Bell Canada Demonstrates Fragile Communications System

FTLComm - Tisdale
July 18, 1999

On Friday morning as I posted the first part of Ensign and went to pick up my email I discovered that the DNS server that handles our email was not working. I immediately called my son Tim to see if his server had crashed as that would explain my problem. Tim said he had just phoned MTS (Manitoba Telephone System) about the same problem and they were at a loss to explain what had happened.

It was much later in the day that we discovered the problem. A minor fire had broke out in a Bell Canada switching location in down-
town Toronto. The firemen
in attempting to contain the mostly smoke and electrical fire, cut off power to the facility including the back up alternate power supply. The switches in the station went dormant and so did most of the commerce in Canada.

The various data and telephone lines running through that switch location, were by Bell's accounts, about 120,000 subscribers, but it is what is carried on those lines that made the impact so profound. All of Canada's banking and credit card verification systems are routed through those lines. The main backbone of the the Internet in Canada ran through those switches and almost all of Toronto's stock exchange business relies upon this facility. From eleven, Toronto time until 5:00 that afternoon, Canada was back in 1950 or so, but without the paper infrastructure that made things work then.

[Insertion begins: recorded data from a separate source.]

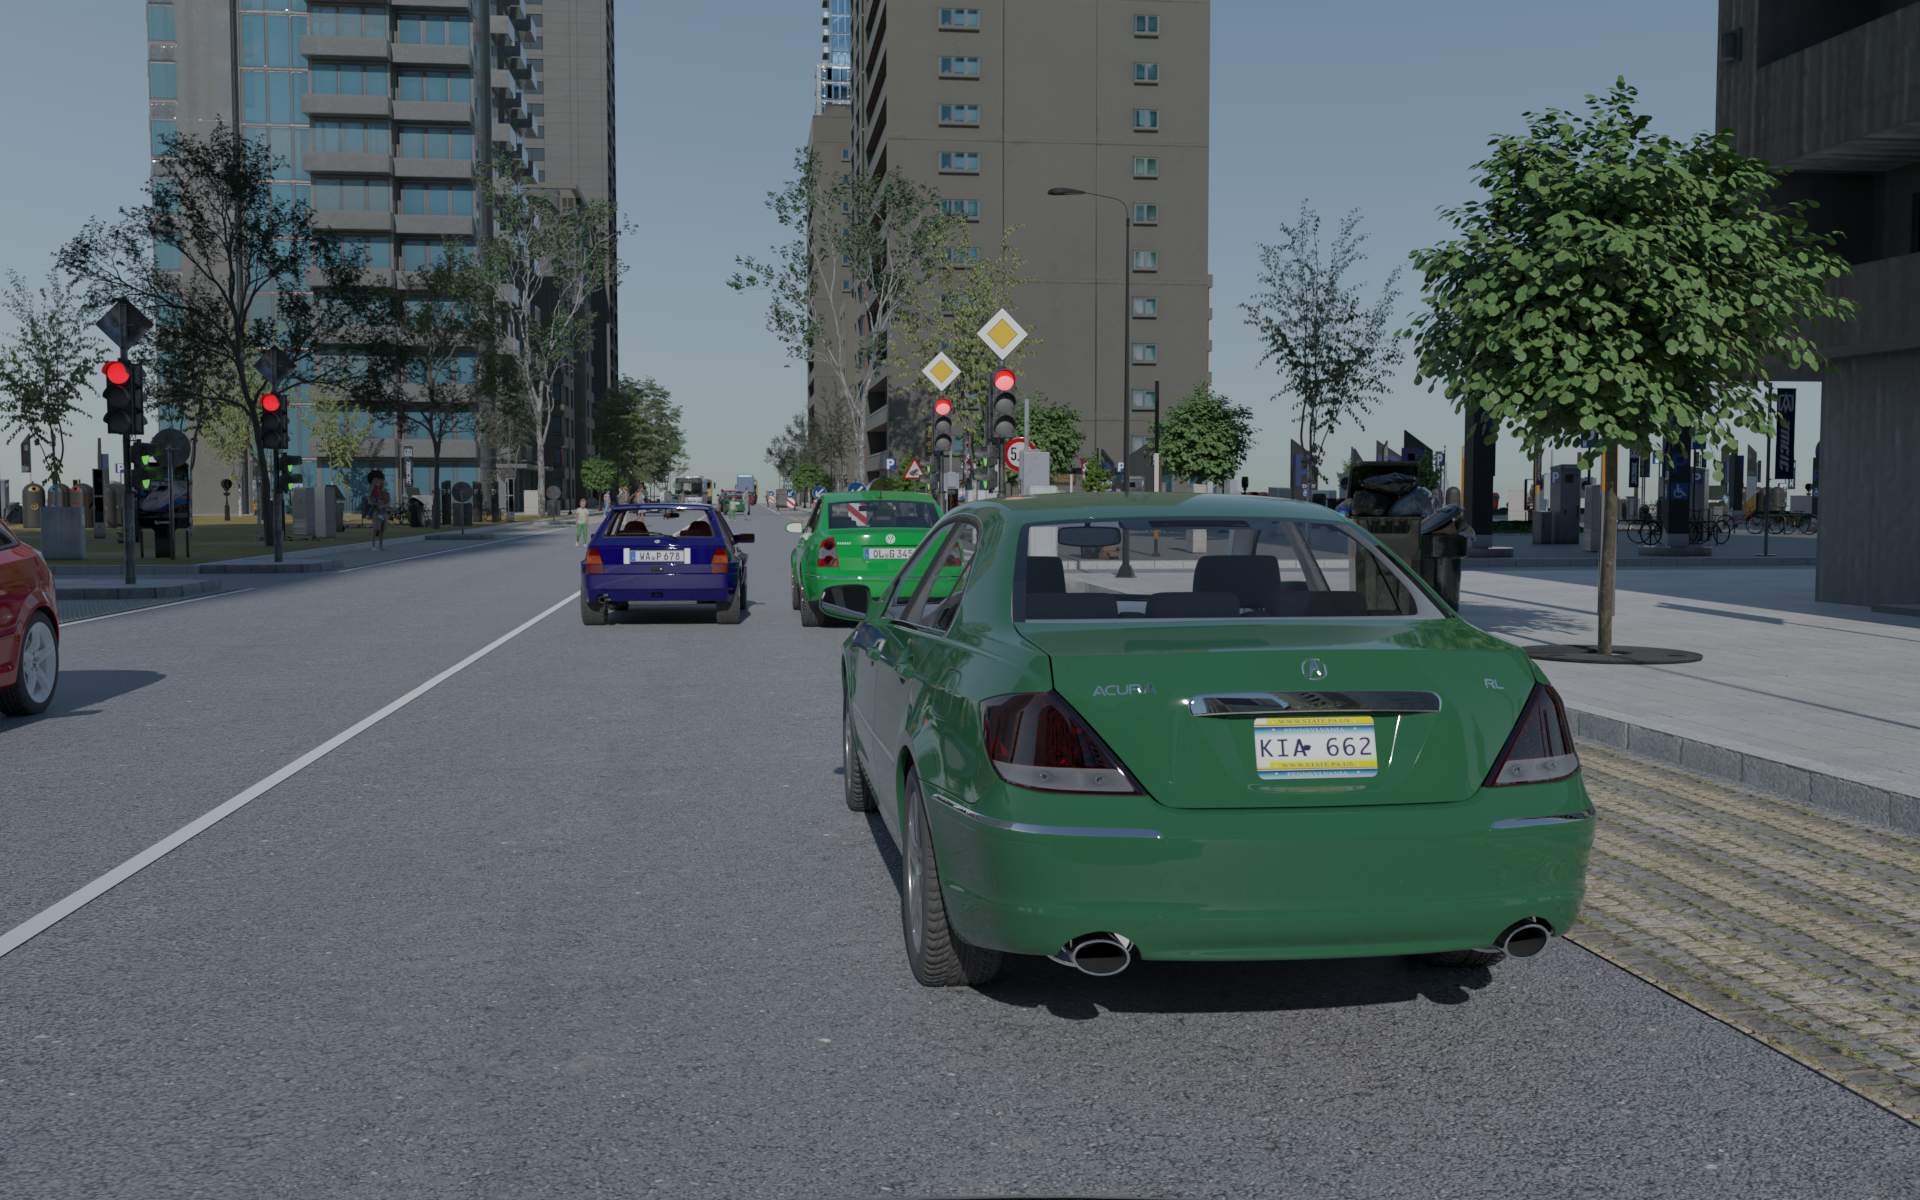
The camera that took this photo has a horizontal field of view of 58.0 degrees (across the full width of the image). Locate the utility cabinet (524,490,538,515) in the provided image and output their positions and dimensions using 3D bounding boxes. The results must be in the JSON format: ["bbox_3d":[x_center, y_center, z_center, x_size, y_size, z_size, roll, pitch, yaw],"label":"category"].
[{"bbox_3d":[-25.789,-5.889,104.965,1.173,1.500,0.318,0,4,3],"label":"utility cabinet"}]

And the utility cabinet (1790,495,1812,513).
[{"bbox_3d":[39.533,-4.292,81.343,0.306,1.237,1.020,-2,4,-30],"label":"utility cabinet"}]

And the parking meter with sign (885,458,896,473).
[{"bbox_3d":[-3.061,-5.448,85.328,0.543,3.016,1.738,1,4,23],"label":"parking meter with sign"}]

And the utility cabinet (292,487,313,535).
[{"bbox_3d":[-20.458,-2.770,53.973,0.318,1.500,1.173,-3,5,-41],"label":"utility cabinet"}]

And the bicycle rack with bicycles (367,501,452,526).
[{"bbox_3d":[-22.860,-3.534,71.168,2.925,0.926,2.852,1,4,20],"label":"bicycle rack with bicycles"}]

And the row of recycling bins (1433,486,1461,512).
[{"bbox_3d":[25.440,-5.319,94.072,3.534,1.692,1.069,2,4,34],"label":"row of recycling bins"}]

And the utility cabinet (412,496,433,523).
[{"bbox_3d":[-23.555,-3.965,75.987,0.306,1.237,1.020,2,4,24],"label":"utility cabinet"}]

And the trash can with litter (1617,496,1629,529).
[{"bbox_3d":[23.281,-3.117,62.019,2.233,1.210,1.678,0,4,5],"label":"trash can with litter"}]

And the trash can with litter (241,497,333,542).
[{"bbox_3d":[-18.477,-2.239,47.662,2.233,1.210,1.678,0,4,-6],"label":"trash can with litter"}]

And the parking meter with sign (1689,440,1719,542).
[{"bbox_3d":[20.179,-3.119,47.257,0.543,3.016,1.738,2,4,32],"label":"parking meter with sign"}]

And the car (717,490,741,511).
[{"bbox_3d":[-19.354,-8.403,146.056,2.281,1.827,5.304,-1,4,-9],"label":"car"}]

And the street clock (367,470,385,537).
[{"bbox_3d":[-17.589,-2.915,52.223,0.471,2.002,0.358,0,4,-4],"label":"street clock"}]

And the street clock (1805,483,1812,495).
[{"bbox_3d":[56.635,-6.790,115.583,0.358,2.002,0.471,-1,4,-21],"label":"street clock"}]

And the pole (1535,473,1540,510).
[{"bbox_3d":[23.937,-4.772,71.862,0.158,3.312,0.155,0,3,0],"label":"pole"}]

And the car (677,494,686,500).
[{"bbox_3d":[-24.457,-8.314,147.728,2.131,1.459,4.920,-1,4,-9],"label":"car"}]

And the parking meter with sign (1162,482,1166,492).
[{"bbox_3d":[12.828,-7.016,110.970,1.738,3.016,0.543,-1,4,-17],"label":"parking meter with sign"}]

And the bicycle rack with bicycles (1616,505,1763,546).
[{"bbox_3d":[18.242,-1.885,44.206,2.925,0.926,2.852,0,4,-5],"label":"bicycle rack with bicycles"}]

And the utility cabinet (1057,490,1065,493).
[{"bbox_3d":[6.008,-5.841,104.183,0.318,1.500,1.173,1,4,21],"label":"utility cabinet"}]

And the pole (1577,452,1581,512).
[{"bbox_3d":[30.043,-5.520,84.091,0.158,3.312,0.155,0,3,0],"label":"pole"}]

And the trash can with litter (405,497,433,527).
[{"bbox_3d":[-20.852,-3.395,66.900,0.624,1.170,1.055,2,4,32],"label":"trash can with litter"}]

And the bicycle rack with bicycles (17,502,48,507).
[{"bbox_3d":[-42.755,-4.121,80.761,2.852,0.926,2.925,0,4,2],"label":"bicycle rack with bicycles"}]

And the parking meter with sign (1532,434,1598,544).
[{"bbox_3d":[15.524,-2.950,44.493,1.738,3.016,0.543,-2,4,-25],"label":"parking meter with sign"}]

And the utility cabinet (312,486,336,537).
[{"bbox_3d":[-18.665,-2.586,50.962,0.318,1.500,1.173,-2,4,-34],"label":"utility cabinet"}]

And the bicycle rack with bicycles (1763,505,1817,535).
[{"bbox_3d":[26.192,-2.571,55.421,2.852,0.926,2.925,-2,4,-30],"label":"bicycle rack with bicycles"}]

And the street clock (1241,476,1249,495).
[{"bbox_3d":[11.714,-4.077,71.226,0.358,2.002,0.471,1,4,19],"label":"street clock"}]

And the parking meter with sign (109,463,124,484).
[{"bbox_3d":[-48.331,-6.288,99.062,1.738,3.016,0.543,3,5,41],"label":"parking meter with sign"}]

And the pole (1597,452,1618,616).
[{"bbox_3d":[6.818,-1.489,18.181,0.158,3.312,0.155,0,3,0],"label":"pole"}]

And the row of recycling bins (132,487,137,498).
[{"bbox_3d":[-33.560,-3.843,69.952,1.069,1.692,3.534,0,4,0],"label":"row of recycling bins"}]

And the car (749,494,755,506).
[{"bbox_3d":[-26.296,-12.466,212.851,2.155,1.783,4.494,0,4,-7],"label":"car"}]

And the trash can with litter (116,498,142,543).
[{"bbox_3d":[-21.761,-2.086,45.488,0.624,1.170,1.055,-1,4,-12],"label":"trash can with litter"}]

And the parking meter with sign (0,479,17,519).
[{"bbox_3d":[-49.146,-5.656,88.731,1.738,3.016,0.543,0,4,3],"label":"parking meter with sign"}]

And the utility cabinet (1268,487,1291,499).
[{"bbox_3d":[10.042,-2.793,54.339,0.318,1.500,1.173,2,4,33],"label":"utility cabinet"}]

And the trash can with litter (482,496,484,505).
[{"bbox_3d":[-29.048,-5.761,105.257,1.678,1.210,2.233,-3,5,-45],"label":"trash can with litter"}]

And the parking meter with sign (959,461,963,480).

Some analysis smiled wryly and pointed out to this little incident and said this is what January 1st could look like.

The main issues related to the amount we all depend upon electronic data communications. When we began our company Tim and Andrew gave it the name Faster Than Light Communications because at the time they were working on an Internet Service Provider project and thought connecting the company name with the Star Trek series and the technology that relied so heavily upon pressing things to the limits, was a good idea. In the fall of 1994 it was clear that the telephone as we knew it, was being transformed into something far more complex and the use we were making of those lines and switches would vastly alter the way things are.

The growth and reliance upon Faxes for business was already replacing postal services and the Internet with all of its various features would push the envelop even further. The banks had discovered that they could cut payroll and expand their services with two things, ATM (automatic teller machines) and credit cards. Both of these rely completely on dedicated, or call-up telephone service, to verify and carry out the transaction.

What wasn't planned, was that all of the banks and credit card companies would run everything through the hub of downtown Toronto, through the same small telephones switch system. With it knocked out, the system and all of its features collapsed.

The nature of the Internet as it was designed by the American military establishment, was to work as a self repairing net, if a site in the system fries then the network just takes another path. For reasons yet unknown, this did not happen Friday afternoon as Bell, who is gobbling up most of Canada's telecommunications companies including SaskTel, is routing everything through existing networks and as it has always operated, doing this to keep its profits up and costs down.

We now know that the economy of North America is now entirely dependent on telephone lines and switches. Without a doubt the weakest link.